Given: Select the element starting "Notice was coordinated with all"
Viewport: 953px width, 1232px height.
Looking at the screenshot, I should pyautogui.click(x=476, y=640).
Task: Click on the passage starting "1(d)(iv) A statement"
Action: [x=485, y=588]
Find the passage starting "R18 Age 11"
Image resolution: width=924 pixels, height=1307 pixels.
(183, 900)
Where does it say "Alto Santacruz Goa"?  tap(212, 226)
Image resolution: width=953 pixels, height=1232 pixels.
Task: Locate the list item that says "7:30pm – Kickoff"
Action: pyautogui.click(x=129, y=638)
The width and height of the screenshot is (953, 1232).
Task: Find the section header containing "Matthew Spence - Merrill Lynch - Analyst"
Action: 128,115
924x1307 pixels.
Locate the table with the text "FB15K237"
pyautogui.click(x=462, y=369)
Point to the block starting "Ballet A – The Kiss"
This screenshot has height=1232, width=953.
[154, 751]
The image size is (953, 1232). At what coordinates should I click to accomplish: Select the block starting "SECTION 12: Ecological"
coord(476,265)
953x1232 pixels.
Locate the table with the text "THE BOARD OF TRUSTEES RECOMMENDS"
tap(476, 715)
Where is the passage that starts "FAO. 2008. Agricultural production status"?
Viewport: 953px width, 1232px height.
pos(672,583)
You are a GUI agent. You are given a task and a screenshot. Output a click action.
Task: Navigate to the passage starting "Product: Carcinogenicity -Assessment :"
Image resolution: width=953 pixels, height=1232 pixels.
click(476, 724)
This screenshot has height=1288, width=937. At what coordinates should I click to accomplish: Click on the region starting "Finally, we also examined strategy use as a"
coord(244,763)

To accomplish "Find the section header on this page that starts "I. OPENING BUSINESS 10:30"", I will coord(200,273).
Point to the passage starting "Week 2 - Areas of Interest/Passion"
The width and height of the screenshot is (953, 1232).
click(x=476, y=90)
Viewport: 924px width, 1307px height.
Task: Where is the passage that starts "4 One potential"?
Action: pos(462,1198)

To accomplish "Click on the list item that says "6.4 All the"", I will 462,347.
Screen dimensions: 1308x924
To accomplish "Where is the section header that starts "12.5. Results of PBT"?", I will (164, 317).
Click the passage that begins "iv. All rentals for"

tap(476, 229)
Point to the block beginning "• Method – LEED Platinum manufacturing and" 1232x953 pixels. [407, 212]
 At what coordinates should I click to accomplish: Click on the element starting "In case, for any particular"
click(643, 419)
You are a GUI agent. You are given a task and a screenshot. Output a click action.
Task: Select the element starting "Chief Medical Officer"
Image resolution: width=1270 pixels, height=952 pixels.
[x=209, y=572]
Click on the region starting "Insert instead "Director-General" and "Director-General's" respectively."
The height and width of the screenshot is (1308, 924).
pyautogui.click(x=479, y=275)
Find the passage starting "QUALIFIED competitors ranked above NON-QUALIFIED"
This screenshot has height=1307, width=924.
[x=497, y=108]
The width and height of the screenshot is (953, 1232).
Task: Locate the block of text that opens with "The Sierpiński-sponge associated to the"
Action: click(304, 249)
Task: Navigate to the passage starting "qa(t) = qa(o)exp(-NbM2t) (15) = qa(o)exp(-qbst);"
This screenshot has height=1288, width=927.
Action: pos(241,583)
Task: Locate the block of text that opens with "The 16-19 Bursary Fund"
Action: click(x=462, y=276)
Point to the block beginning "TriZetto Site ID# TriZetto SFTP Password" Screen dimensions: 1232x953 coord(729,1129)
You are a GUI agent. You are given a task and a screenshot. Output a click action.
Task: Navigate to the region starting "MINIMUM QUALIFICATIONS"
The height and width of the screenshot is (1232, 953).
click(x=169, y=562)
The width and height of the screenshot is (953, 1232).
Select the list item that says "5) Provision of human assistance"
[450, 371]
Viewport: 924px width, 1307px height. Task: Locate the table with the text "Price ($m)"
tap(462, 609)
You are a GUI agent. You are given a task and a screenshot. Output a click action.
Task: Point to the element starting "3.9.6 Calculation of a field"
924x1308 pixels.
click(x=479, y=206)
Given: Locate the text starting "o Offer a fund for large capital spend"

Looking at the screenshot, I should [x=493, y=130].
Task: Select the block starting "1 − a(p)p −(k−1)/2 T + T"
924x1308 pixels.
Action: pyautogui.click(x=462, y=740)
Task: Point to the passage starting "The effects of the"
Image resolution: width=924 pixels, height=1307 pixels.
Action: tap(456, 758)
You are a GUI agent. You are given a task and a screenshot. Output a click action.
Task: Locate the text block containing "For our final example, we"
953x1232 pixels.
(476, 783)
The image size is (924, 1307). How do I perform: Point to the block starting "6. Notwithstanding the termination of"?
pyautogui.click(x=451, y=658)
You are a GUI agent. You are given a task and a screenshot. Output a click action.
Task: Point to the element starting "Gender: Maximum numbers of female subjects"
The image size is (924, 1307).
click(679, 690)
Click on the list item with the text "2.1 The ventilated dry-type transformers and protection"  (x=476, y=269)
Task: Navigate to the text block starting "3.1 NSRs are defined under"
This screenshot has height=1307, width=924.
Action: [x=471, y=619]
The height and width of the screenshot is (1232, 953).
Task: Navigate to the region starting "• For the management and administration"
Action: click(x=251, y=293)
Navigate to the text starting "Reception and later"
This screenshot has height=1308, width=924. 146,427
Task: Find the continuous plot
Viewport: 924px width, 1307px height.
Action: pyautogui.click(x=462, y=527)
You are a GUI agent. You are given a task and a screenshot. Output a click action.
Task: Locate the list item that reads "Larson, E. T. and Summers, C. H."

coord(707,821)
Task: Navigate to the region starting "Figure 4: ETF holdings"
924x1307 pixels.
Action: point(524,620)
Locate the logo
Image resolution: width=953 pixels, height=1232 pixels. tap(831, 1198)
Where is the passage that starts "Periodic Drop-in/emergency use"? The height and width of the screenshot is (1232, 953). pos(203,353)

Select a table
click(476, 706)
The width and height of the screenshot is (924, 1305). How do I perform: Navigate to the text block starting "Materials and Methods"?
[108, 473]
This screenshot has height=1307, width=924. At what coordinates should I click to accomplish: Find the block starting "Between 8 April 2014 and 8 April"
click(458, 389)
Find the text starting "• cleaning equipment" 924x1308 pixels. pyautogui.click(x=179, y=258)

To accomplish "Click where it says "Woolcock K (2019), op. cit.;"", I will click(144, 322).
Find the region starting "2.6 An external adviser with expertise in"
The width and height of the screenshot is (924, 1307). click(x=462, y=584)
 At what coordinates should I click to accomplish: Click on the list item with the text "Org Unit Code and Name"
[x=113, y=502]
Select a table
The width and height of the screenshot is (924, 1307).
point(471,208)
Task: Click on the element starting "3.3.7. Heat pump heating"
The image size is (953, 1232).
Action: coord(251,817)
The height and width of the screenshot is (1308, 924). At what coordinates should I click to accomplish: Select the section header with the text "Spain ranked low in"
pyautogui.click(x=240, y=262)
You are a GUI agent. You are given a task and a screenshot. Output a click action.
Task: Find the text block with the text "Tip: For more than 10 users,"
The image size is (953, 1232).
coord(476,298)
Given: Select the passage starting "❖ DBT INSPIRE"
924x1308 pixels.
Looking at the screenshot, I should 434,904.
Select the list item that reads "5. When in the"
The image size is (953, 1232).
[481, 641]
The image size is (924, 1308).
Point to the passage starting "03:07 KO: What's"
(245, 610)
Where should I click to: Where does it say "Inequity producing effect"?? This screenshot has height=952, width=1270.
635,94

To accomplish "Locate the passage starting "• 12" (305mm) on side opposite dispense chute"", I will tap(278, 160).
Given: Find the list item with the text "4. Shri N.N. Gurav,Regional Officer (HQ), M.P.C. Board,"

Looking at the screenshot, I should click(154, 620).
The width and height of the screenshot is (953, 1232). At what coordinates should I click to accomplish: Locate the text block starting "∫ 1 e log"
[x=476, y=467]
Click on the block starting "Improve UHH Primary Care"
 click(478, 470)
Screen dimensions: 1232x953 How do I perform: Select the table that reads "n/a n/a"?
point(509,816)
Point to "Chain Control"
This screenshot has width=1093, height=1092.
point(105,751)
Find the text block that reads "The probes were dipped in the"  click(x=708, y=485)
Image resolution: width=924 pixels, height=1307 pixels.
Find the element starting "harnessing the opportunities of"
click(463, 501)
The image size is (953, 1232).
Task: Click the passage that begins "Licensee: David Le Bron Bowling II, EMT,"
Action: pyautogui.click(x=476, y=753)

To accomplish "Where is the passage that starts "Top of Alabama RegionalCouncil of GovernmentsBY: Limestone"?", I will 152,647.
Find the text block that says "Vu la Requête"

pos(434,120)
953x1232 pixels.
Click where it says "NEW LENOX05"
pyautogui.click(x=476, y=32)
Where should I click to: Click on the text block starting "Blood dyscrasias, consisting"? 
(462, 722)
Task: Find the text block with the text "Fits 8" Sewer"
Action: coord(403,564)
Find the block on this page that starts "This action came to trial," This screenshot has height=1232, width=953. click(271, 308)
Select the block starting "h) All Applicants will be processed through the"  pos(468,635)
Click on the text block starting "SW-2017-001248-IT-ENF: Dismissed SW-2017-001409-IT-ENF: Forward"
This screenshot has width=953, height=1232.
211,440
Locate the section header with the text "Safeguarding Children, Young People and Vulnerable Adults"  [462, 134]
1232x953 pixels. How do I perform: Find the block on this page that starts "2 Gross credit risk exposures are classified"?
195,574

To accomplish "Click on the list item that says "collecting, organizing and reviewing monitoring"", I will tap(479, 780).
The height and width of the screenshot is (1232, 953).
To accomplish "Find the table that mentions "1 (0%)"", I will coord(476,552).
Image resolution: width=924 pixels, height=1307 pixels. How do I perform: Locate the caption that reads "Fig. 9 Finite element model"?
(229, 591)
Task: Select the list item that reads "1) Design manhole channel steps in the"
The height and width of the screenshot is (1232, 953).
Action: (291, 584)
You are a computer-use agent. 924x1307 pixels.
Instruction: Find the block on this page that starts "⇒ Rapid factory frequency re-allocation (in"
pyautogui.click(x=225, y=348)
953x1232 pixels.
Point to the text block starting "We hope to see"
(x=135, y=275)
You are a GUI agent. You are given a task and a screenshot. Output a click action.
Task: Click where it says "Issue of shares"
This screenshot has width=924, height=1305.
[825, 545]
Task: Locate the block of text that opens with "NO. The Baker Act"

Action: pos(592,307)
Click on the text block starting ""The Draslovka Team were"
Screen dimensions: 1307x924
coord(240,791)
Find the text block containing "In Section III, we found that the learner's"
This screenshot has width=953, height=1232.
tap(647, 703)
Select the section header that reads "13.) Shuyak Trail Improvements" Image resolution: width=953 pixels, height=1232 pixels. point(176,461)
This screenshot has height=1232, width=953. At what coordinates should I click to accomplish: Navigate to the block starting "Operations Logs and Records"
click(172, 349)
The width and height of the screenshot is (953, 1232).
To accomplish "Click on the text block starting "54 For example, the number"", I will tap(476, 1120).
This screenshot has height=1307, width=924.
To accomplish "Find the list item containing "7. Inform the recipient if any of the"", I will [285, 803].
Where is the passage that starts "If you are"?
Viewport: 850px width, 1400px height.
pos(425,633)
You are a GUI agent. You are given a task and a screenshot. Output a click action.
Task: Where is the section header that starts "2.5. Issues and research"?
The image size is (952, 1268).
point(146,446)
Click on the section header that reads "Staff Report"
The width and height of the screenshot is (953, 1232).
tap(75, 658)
# # #
▶ _YOUR GOAL_
Would you copy, unchanged, the stretch of the records above that begins at the line containing "Where should I click to: Click" and ends at the line containing "width=953. click(271, 308)", and only that?

▶ _SOLUTION BELOW_
Where should I click to: Click on the text block starting "Blood dyscrasias, consisting"? 
(462, 722)
Task: Find the text block with the text "Fits 8" Sewer"
Action: coord(403,564)
Find the block on this page that starts "This action came to trial," This screenshot has height=1232, width=953. click(271, 308)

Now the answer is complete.